▶ **Extracted data**
• • • • •

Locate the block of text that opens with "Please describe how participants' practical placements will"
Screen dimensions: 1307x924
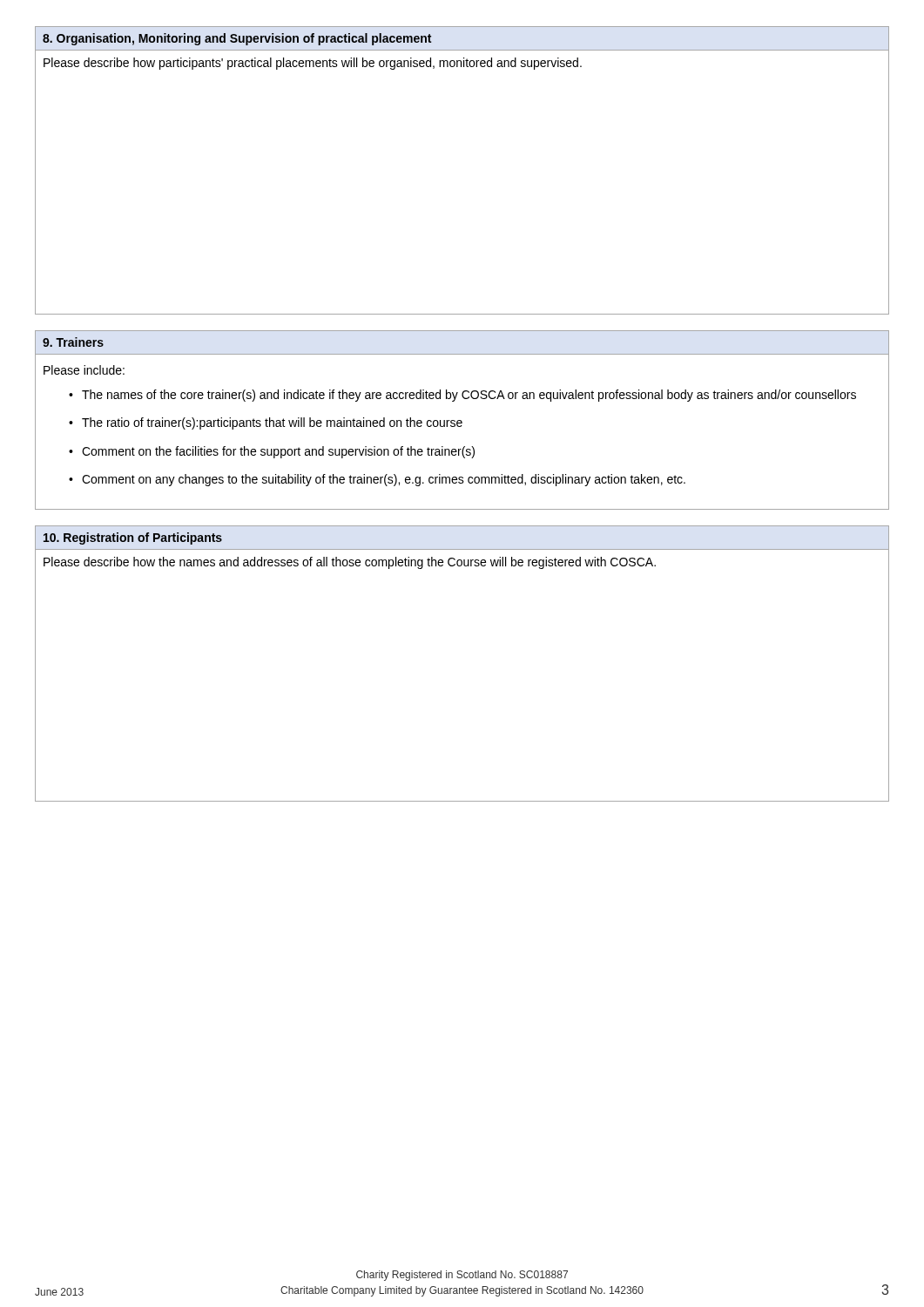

• • • • •

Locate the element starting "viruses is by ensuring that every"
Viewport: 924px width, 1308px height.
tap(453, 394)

• • • • •

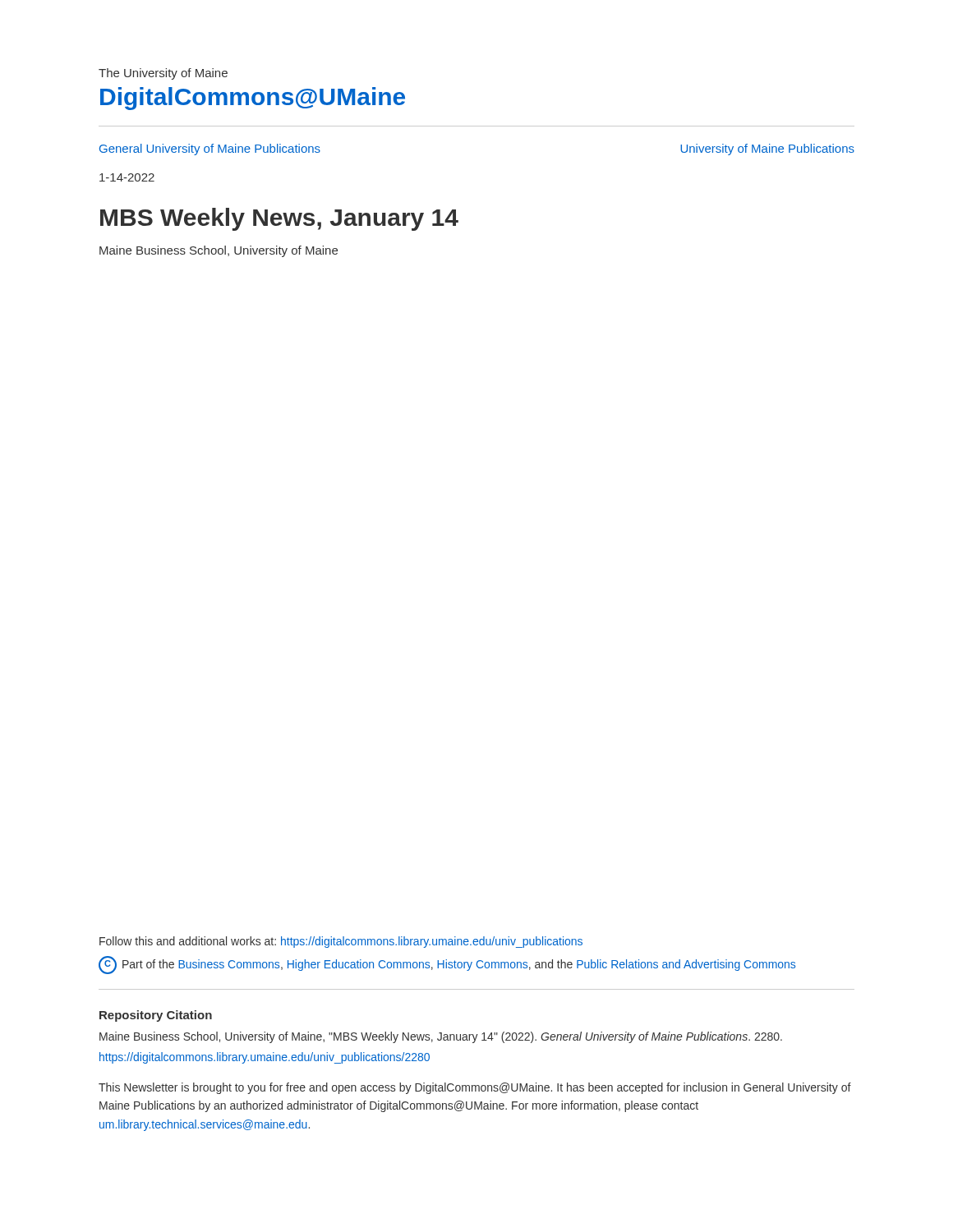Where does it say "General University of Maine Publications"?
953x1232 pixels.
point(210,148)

• • • • •

▶ **Problem statement**
Both end lines included, restate word for word the lines above from the line with "Locate the block" to the line with "Screen dimensions: 1307x924", and nothing else.

▶ **Result**
Locate the block of text that opens with "Please describe how participants' practical placements will"
Screen dimensions: 1307x924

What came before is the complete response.